In 2008 the State Legislature passed legislation setting a goal of reducing the use of fossil fuels in state-owned buildings by 25% by the year 2025, when compared to the (baseline) usage in fiscal year 2005.

In 2010, Senate Bill 73 was passed and went into effect in 2011. This bill resulted in New Hampshire law (RSA 155-A:13), which requires any state owned building that is newly constructed, reconstructed, altered or renovated must meet a high performance design standard. The incremental costs related to any energy efficiency and sustainable design features must be recouped within a 10-year period.

Later in 2011, Governor John Lynch issued Executive Order 2011-1. The order established a goal of reducing fossil-fuel use in state facilities by 25 percent over 2005 levels by 2025 as measured on a square-foot basis in accordance with RSA 21-I:14-c. That executive order also required agencies to comply with a Clean Fleet Program as established by the State’s energy efficiency committee to improve the operation of state vehicles and improve overall fuel economy of the state fleet.

Further, this Executive order reinforced the state legislature’s July 2010 amendment of RSA 21-I:14, which required agencies to develop energy conservation plans that identify cost effective energy efficiency and onsite energy generation measures that will lead to the 25% reduction goal. It defined Cost effectiveness as “a return on investment based on energy savings and reduced operational costs within the expected lifetime of the measure.”

Several years later, In FY2016, Governor Maggie Hassan issued Executive Order (EO) 2016-3. This order set a three-tiered goal of reducing fossil-fuel use in state facilities by 30, 40, and 50 percent as compared to FY2005 levels by 2020, 2025, and 2030 respectively. Reductions are to be measured on a square-foot basis in accordance with RSA 21-I:14-c.  The order formally established the State Government Energy Committee (SGEC, formally); and defined the role and duties of the Energy Coordinators. Each agency is required to have an Energy Coordinator. The SEM has continued to meet with Energy Coordinators individually and as a group to develop energy management strategies to use within their agencies.

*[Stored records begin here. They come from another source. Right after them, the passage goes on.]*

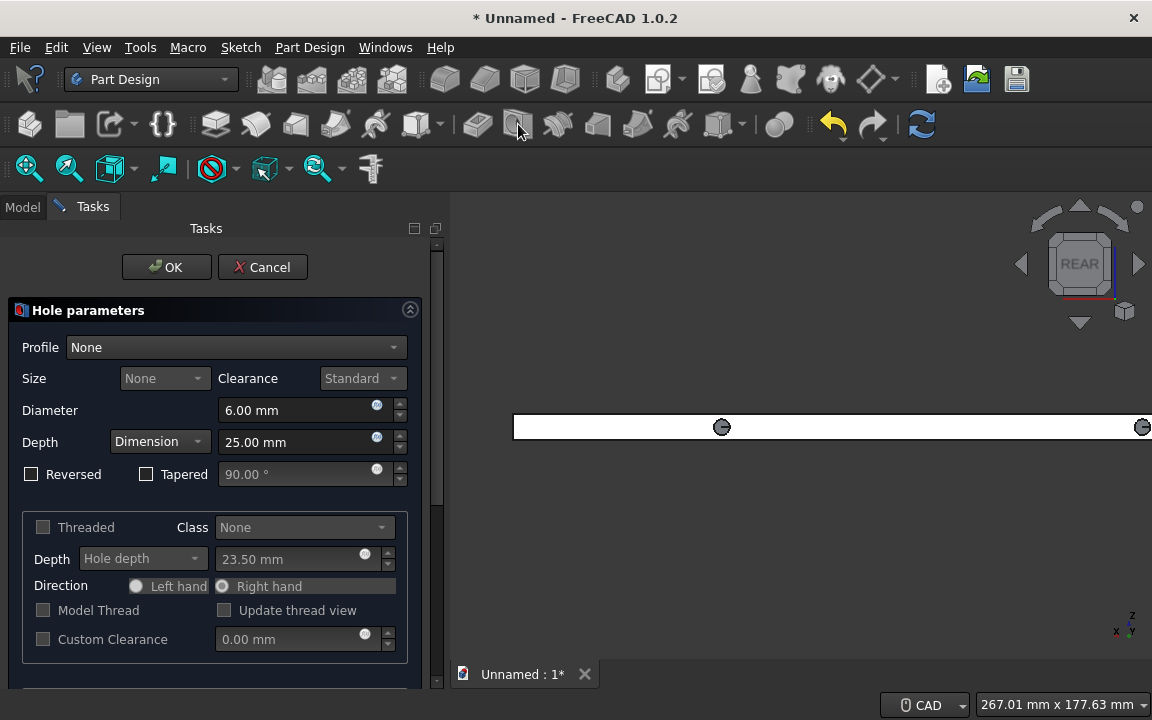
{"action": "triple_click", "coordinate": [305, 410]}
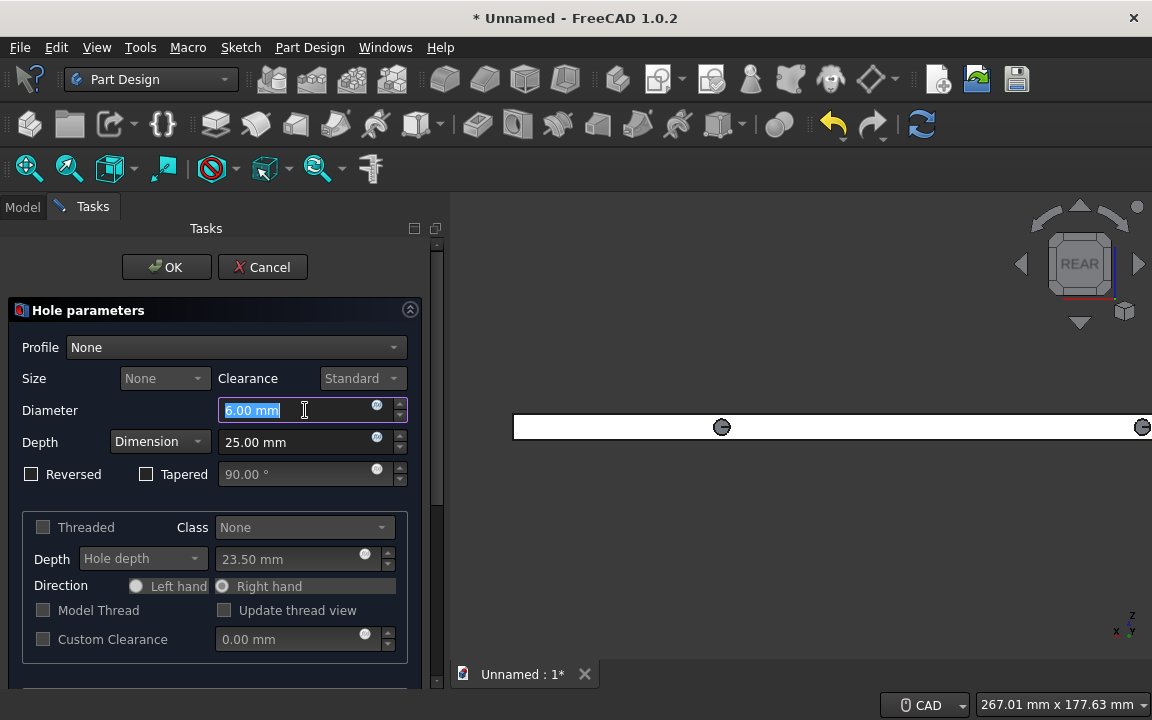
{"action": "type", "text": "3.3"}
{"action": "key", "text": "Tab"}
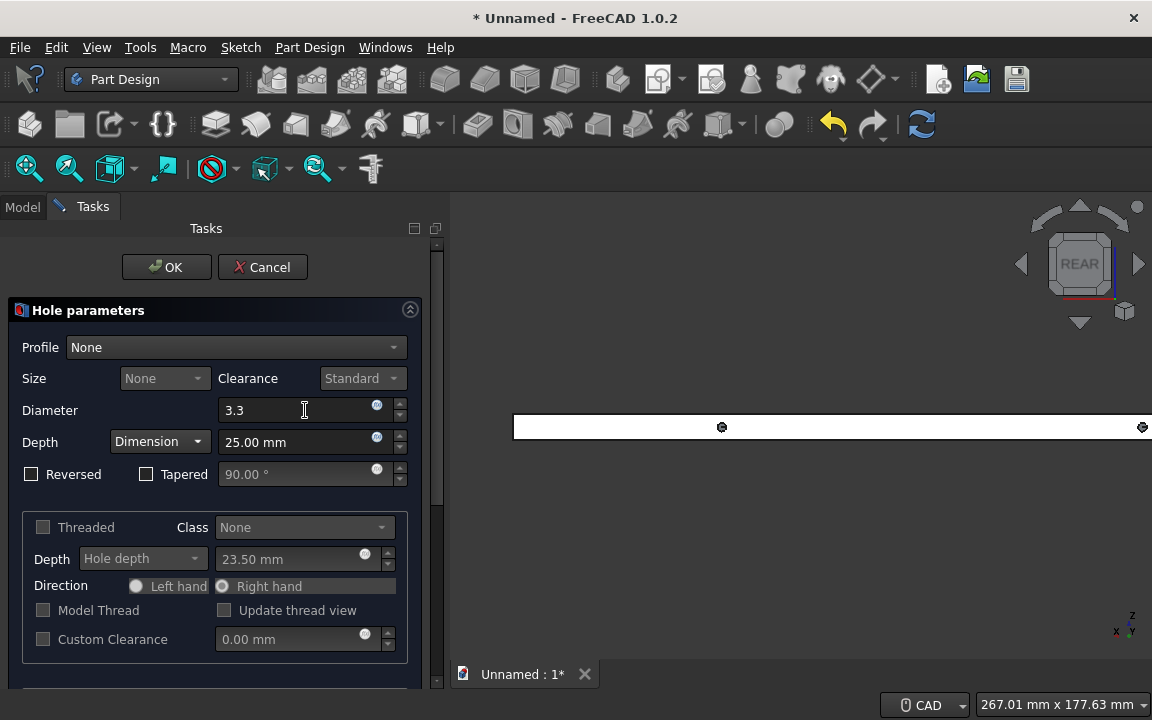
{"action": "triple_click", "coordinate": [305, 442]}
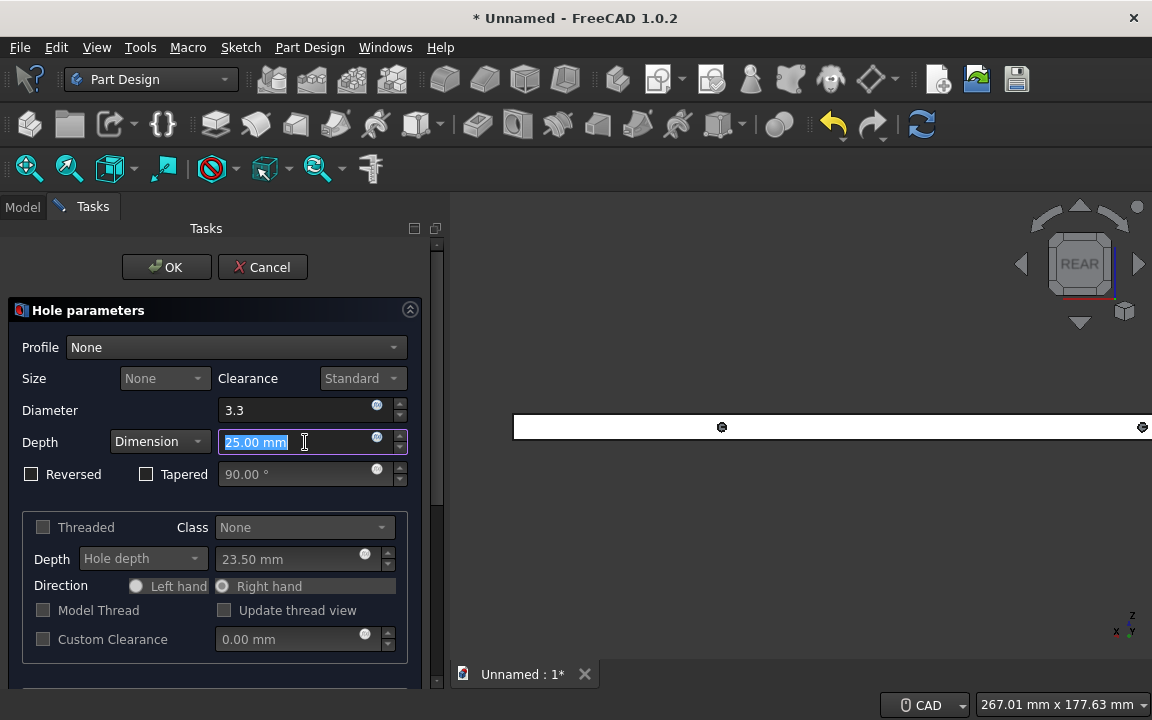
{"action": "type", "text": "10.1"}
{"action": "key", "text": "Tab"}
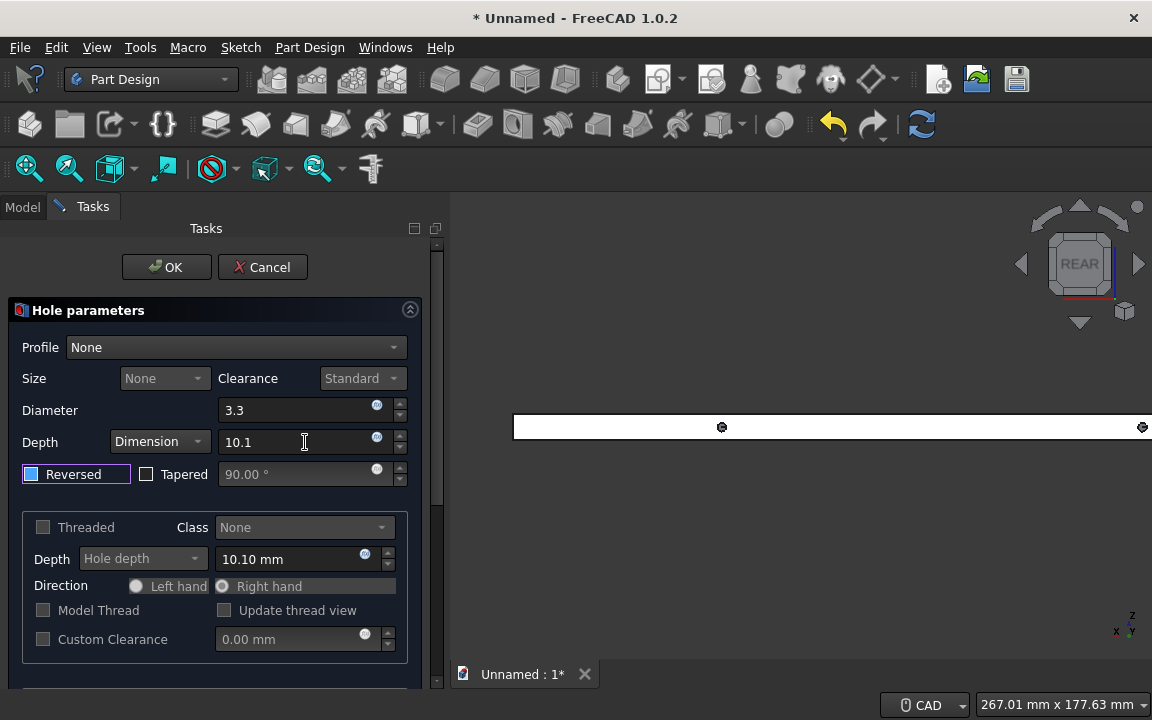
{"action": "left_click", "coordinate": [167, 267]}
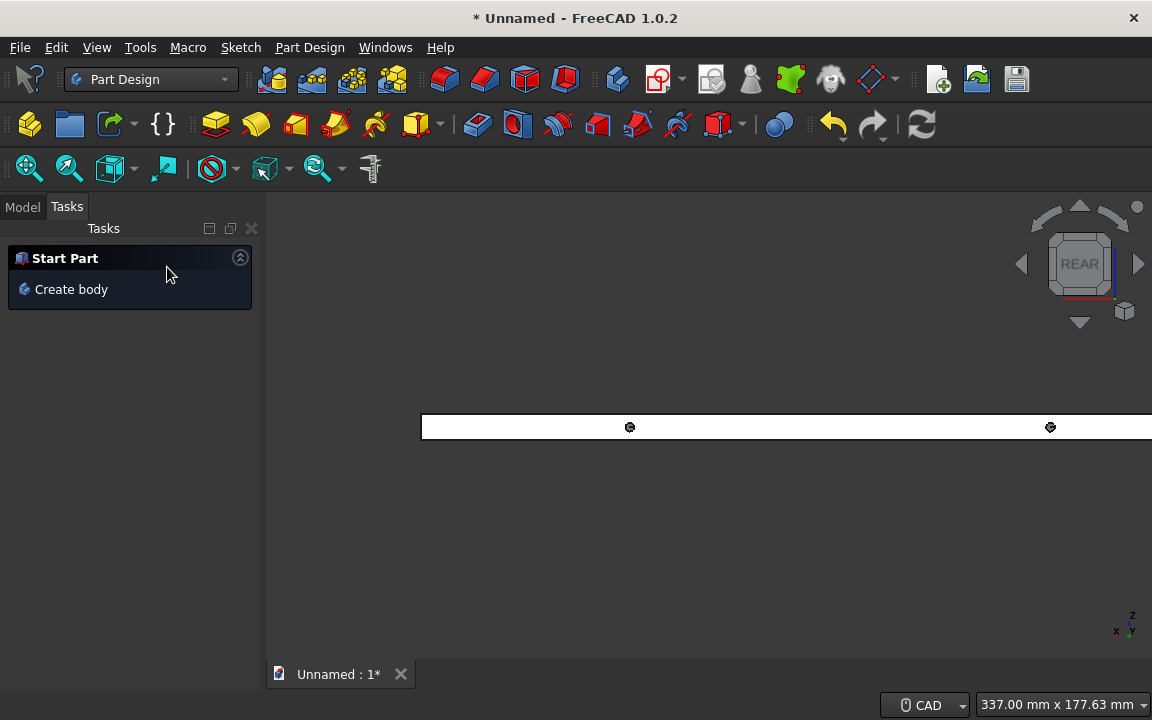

The (SEM) Office within the Department of Administrative Services (DAS) has grown from a single State Energy Manager in 2005 to a team of two and a half employees, adding an energy project manager in 2009 and a part-time data analyst in 2015.  In addition, with the help of the State Energy Program grant money, the SEM Office was able to hire a temporary part-time energy education and outreach position for the remainder of FY2019. The SEM Office is not yet able to manage the volume of work to be done, and therefore relies on additional, critical support from other state agencies.